Portland's Transition Defense Is Growing More And More Porous

The Trail Blazers' transition defense has never been a strength this season, but it's becoming a glaring weakness.
Portland's Transition Defense Is Growing More And More Porous
Portland's Transition Defense Is Growing More And More Porous /

The Trail Blazers' defensive woes are sweeping. 

They can't contain the ball on the perimeter. They struggle rotating with speed and precision behind the point of attack. They're prone to bouts of apathy. They lack even mediocre rim-protection without Jusuf Nurkic and Zach Collins. They're still learning how to best communicate with each other. They get easily confused toggling between multiple schemes mid-game. Their overall defensive personnel is simply substandard.

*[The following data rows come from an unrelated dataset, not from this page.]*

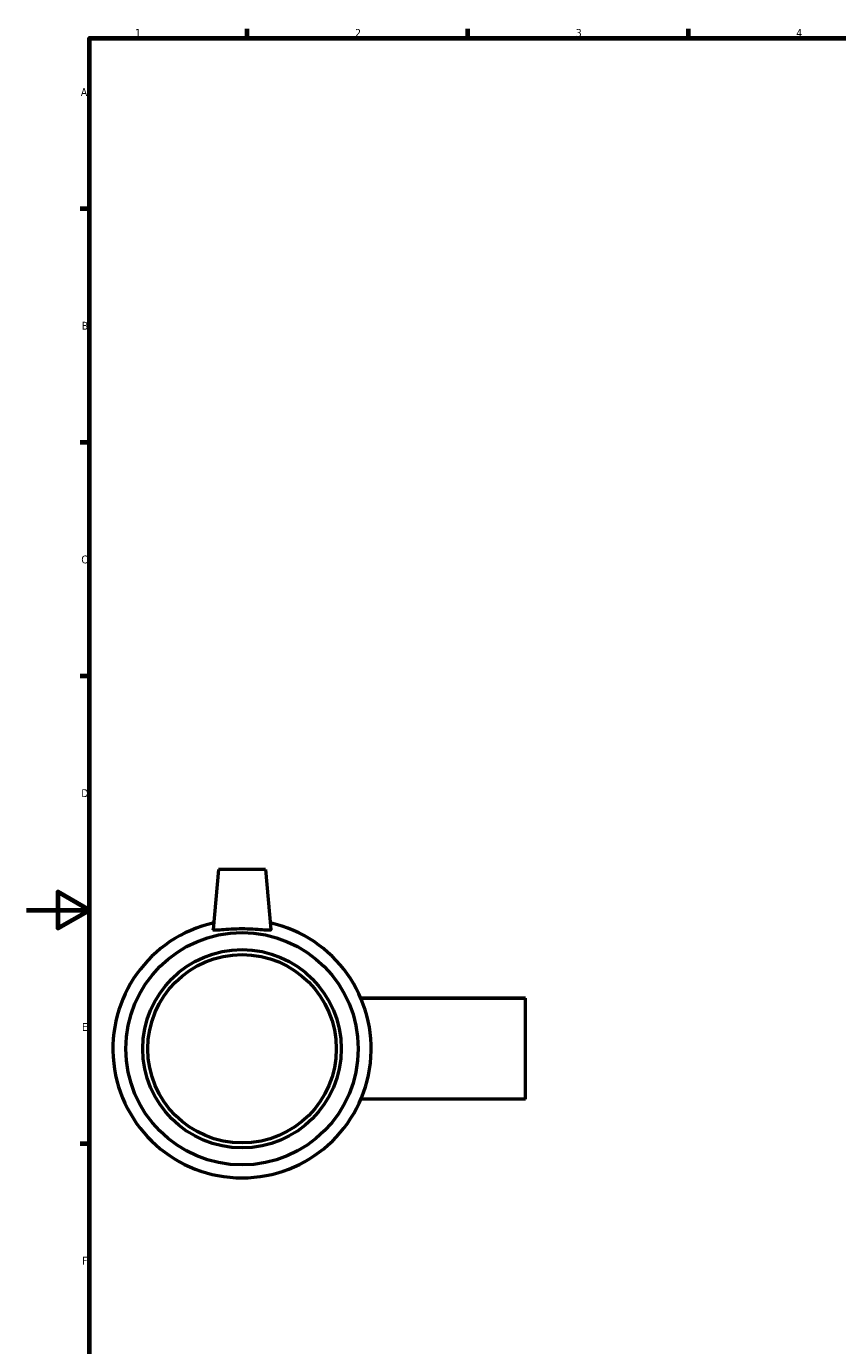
# Model space of a CAD drawing. Header units: millimetres. Extents: x 0 to 903, y -277 to 624.
# Tile 3 of 5: x 0 to 258, y 159 to 578. Entities that reach past the tile are written whole.
import ezdxf

# ---------------------------------------------------------------- set-up
doc = ezdxf.new("R2010")
doc.units = ezdxf.units.MM
doc.layers.add('Border (ISO)', color=7, linetype='Continuous', lineweight=70)
doc.layers.add('Visible (ISO)', color=7, linetype='Continuous', lineweight=50)
doc.styles.add('Note Text (ISO)', font='tahoma.ttf')

# ---------------------------------------------------------------- blocks, each defined once
blk = doc.blocks.new('Borders Default Border')
at = {"layer": 'Border (ISO)'}
for p, q in [((70.08, 574), (70.08, 576.9)), ((140.17, 574), (140.17, 576.9)), ((210.25, 574), (210.25, 576.9)), ((20, 519.75), (17.1, 519.75)), ((20, 445.5), (17.1, 445.5)), ((20, 371.25), (17.1, 371.25)), ((20, 222.75), (17.1, 222.75))]:
    blk.add_line(p, q, dxfattribs=at)
at = {"layer": 'Border (ISO)', "flags": 128}
for points in [[(20, 20), (20, 574), (821, 574), (821, 20), (20, 20)], [(0, 297), (20, 297), (10, 302.77), (10, 291.23), (20, 297)]]:
    blk.add_lwpolyline(points, dxfattribs=at)
at = {"layer": 'Border (ISO)', "color": 232, "true_color": 0xca0064, "char_height": 2.5, "attachment_point": 7, "style": 'Note Text (ISO)'}
for s, insert in [('1', (34.48, 574.4)), ('2', (104.37, 574.4)), ('3', (174.43, 574.35)), ('4', (244.42, 574.4)), ('A', (17.29, 555.62)), ('B', (17.59, 481.37)), ('C', (17.43, 407.08)), ('D', (17.43, 332.88)), ('E', (17.64, 258.63)), ('F', (17.7, 184.38))]:
    blk.add_mtext(s, dxfattribs=dict(at, insert=insert))

msp = doc.modelspace()

# ---------------------------------------------------------------- linework, layer by layer
at = {"layer": 'Visible (ISO)'}
for p, q in [((60.959, 309.927), (59.283, 290.781)), ((75.959, 309.927), (60.959, 309.927)), ((75.959, 309.927), (77.634, 290.781)), ((158.459, 268.981), (106.185, 268.981)), ((158.459, 268.927), (106.208, 268.927)), ((158.459, 268.927), (158.459, 268.981)), ((158.459, 236.927), (158.459, 268.927)), ((158.459, 236.927), (106.208, 236.927))]:
    msp.add_line(p, q, dxfattribs=at)
for radius in [36.9, 31.5, 29.925]:
    msp.add_circle((68.459, 252.927), radius, dxfattribs=at)
msp.add_arc((68.459, 252.927), 41, 102.66184, 77.33816, dxfattribs=at)
msp.add_open_spline([(59.285, 290.754), (59.283, 290.763), (59.283, 290.772), (59.284, 290.781)], degree=3, dxfattribs=at)
msp.add_open_spline([(77.633, 290.781), (77.634, 290.772), (77.634, 290.763), (77.606, 290.649), (77.355, 290.593), (76.393, 290.592), (75.682, 290.643), (74.059, 290.766), (73.036, 290.845), (70.802, 290.962), (69.592, 290.996), (67.325, 290.996), (66.115, 290.962), (63.881, 290.845), (62.858, 290.766), (61.235, 290.643), (60.524, 290.592), (59.562, 290.593), (59.311, 290.649), (59.285, 290.754)], degree=3, knots=[2.7948983, 2.7948983, 2.7948983, 2.7948983, 2.8232168, 2.8232168, 3.1614645, 3.1614645, 3.4997122, 3.4997122, 3.8398013, 3.8398013, 4.1798905, 4.1798905, 4.5199797, 4.5199797, 4.8600688, 4.8600688, 5.1983165, 5.1983165, 5.5365643, 5.5365643, 5.5365643, 5.5365643], dxfattribs=at)

# ---------------------------------------------------------------- block references
msp.add_blockref('Borders Default Border', (0, 0))

doc.saveas('drawing.dxf')

But before the All-Star break, Portland was able to overcome those myriad issues to at least manage something close to average transition defense. The Blazers' defensive rating in transition was 125.8 prior to All-Star weekend, per Cleaning the Glass, the 15th-best mark in basketball.

Portland has taken a significant step back in that category since returning from its week-long vacation, though, a reality supported by both the numbers and the eye test. The Blazers have allowed a whopping 150.0 points per 100 transition plays post All-Star, per Cleaning the Glass, 29th-most in the league. Only the Denver Nuggets have been worse.

Five games is a tiny sample size, obviously, and superstars like James Harden, Luka Doncic and Zion Williamson present unique challenges for any defense switching ends. Reintegrating C.J. McCollum has certainly played a factor in Portland's ever-porous transition defense, too. You don't just go from rehabbing and watching from the sidelines for two months to playing live NBA basketball without undergoing an inevitable re-acclimation process.

But the rest of the Blazers don't have that excuse. All too often of late they've been slow to get back and casual matching up when the ball changes sides, giving the opposition easy score after easy score.

Those are inexcusable mistakes, and so are more nuanced ones like Portland failing to balance the floor when a shot goes up or having too many players crash the offensive glass.

The Blazers know full well they're climbing uphill to manage just league-average overall defense. Doing so will prove impossible unless they learn to consistently pick low-hanging fruit defensively, and there's not many aspects in basketball a defense has more control over than getting back in transition and ensuring it's matched up. Maybe Portland improves in that over the season's remainder, but the clock is ticking.

After the Brooklyn Nets dropped a 119.6 offensive rating on Tuesday night despite playing without Kyrie Irving, Kevin Durant and Landry Shamet, Robert Covington stressed a postgame refrain that's become all too familiar.

"Just be in our rotation a little bit quicker, and being on top of things a lot faster," he said of his team's necessary defensive improvements. "So, it's just that split second that plays a difference in it. Like I said, we just gotta be more aggressive."

The Blazers' next opportunity to make good on that long hollow rhetoric comes Thursday against the Miami Heat.